The study_types table, below, illustrates how this structure works in the case of study categories.
id | name | description | list_order | source | date_added |
---|---|---|---|---|---|
0 | Not yet known | Dummy value supplied by default on entity creation. | 99 | ECRIN | 2019-02-08 |
11 | Interventional | A clinical trial. | 10 | ClinicalTrials.gov | 2019-02-08 |
12 | Observational | Any form of non-interventional research. | 20 | ClinicalTrials.gov | 2019-02-08 |
13 | Observational Patient Registry | Collecting data for a designated registry. | 30 | ClinicalTrials.gov | 2019-02-08 |
14 | Expanded access | Off label usage of a new product for individuals. | 40 | ClinicalTrials.gov | 2019-02-08 |
15 | Funded programme | With a single or linked series of grants. | 50 | ClinicalTrials.gov | 2019-02-08 |
At present the MDR system contains 29 look up tables, with most indicating that they refer to categorised fields by their name, usually <something>_types, occasionally _codes, categories or _classes.
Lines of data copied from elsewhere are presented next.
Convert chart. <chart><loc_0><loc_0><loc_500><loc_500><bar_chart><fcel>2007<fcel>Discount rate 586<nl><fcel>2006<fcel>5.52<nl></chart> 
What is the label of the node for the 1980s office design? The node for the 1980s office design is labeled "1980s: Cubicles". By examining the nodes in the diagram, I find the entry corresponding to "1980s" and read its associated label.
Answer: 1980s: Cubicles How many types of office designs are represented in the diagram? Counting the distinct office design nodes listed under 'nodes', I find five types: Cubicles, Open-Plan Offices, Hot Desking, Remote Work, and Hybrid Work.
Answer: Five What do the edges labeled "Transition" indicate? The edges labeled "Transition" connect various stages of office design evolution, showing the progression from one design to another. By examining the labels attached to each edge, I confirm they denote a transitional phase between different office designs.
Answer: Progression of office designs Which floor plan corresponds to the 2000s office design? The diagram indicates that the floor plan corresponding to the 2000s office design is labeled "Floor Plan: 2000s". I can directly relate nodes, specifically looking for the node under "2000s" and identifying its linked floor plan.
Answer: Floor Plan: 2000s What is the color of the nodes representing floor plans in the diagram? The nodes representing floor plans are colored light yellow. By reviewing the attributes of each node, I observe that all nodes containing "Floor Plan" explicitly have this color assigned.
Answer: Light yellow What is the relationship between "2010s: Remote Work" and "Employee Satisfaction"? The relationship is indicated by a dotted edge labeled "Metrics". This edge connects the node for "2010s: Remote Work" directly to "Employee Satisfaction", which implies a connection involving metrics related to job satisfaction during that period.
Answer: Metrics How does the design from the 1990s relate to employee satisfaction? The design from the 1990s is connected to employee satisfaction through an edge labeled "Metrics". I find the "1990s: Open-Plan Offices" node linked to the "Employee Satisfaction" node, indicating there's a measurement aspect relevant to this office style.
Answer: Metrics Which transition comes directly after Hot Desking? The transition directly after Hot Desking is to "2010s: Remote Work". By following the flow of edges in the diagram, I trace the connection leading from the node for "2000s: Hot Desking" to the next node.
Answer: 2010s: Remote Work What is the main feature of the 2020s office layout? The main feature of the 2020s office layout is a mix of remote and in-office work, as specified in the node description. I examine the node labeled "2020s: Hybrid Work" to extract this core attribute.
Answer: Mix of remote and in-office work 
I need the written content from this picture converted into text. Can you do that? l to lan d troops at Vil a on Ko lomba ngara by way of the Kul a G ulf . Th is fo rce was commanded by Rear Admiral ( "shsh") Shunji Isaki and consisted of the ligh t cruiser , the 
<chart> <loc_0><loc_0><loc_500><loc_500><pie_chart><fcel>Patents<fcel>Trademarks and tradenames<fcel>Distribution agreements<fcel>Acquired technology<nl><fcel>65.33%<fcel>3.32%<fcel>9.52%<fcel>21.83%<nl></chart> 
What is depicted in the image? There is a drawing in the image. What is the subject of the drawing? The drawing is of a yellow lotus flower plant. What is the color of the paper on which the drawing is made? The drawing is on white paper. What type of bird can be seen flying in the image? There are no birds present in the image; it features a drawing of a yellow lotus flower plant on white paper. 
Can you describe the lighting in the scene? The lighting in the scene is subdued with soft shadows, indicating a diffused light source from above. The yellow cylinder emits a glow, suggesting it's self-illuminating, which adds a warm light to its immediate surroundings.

- study attributes (study_types, study_statuses, gender_eligibility_types)
- study features (feature_types and categories of phase, allocation method, masking, time perspective etc.)
- study_relationship_types
- object_classes
- object_types
- object_filter_types
- object_access_types
- object_instance_types
- object_relationship_types
- contribution_types
- dataset_consent_types
- dataset_de-identification_levels
- dataset_record_key_types
- date_types
- description_types
- doi_status_types
- identifier_types
- language_codes
- language_usage_types
- resource_types
- title_types
- topic_types
- topic_vocabularies
- units (for size and time)
- composite_hash_types
Each of these tables is described in more detail on its own wiki page.
Another potential use of controlled vocabularies relates to organisations and people. References to both of these entities are often confused because any organisation or person may be known by a variety of names. The very large numbers of organisations and people in the MDR system, however, mean that it is impractical to provide codes for them all, or try to match all the names in source systems to those codes. Some degree of matching of organisations may be possible in the future. The problems of people and organisation representation are described in another section.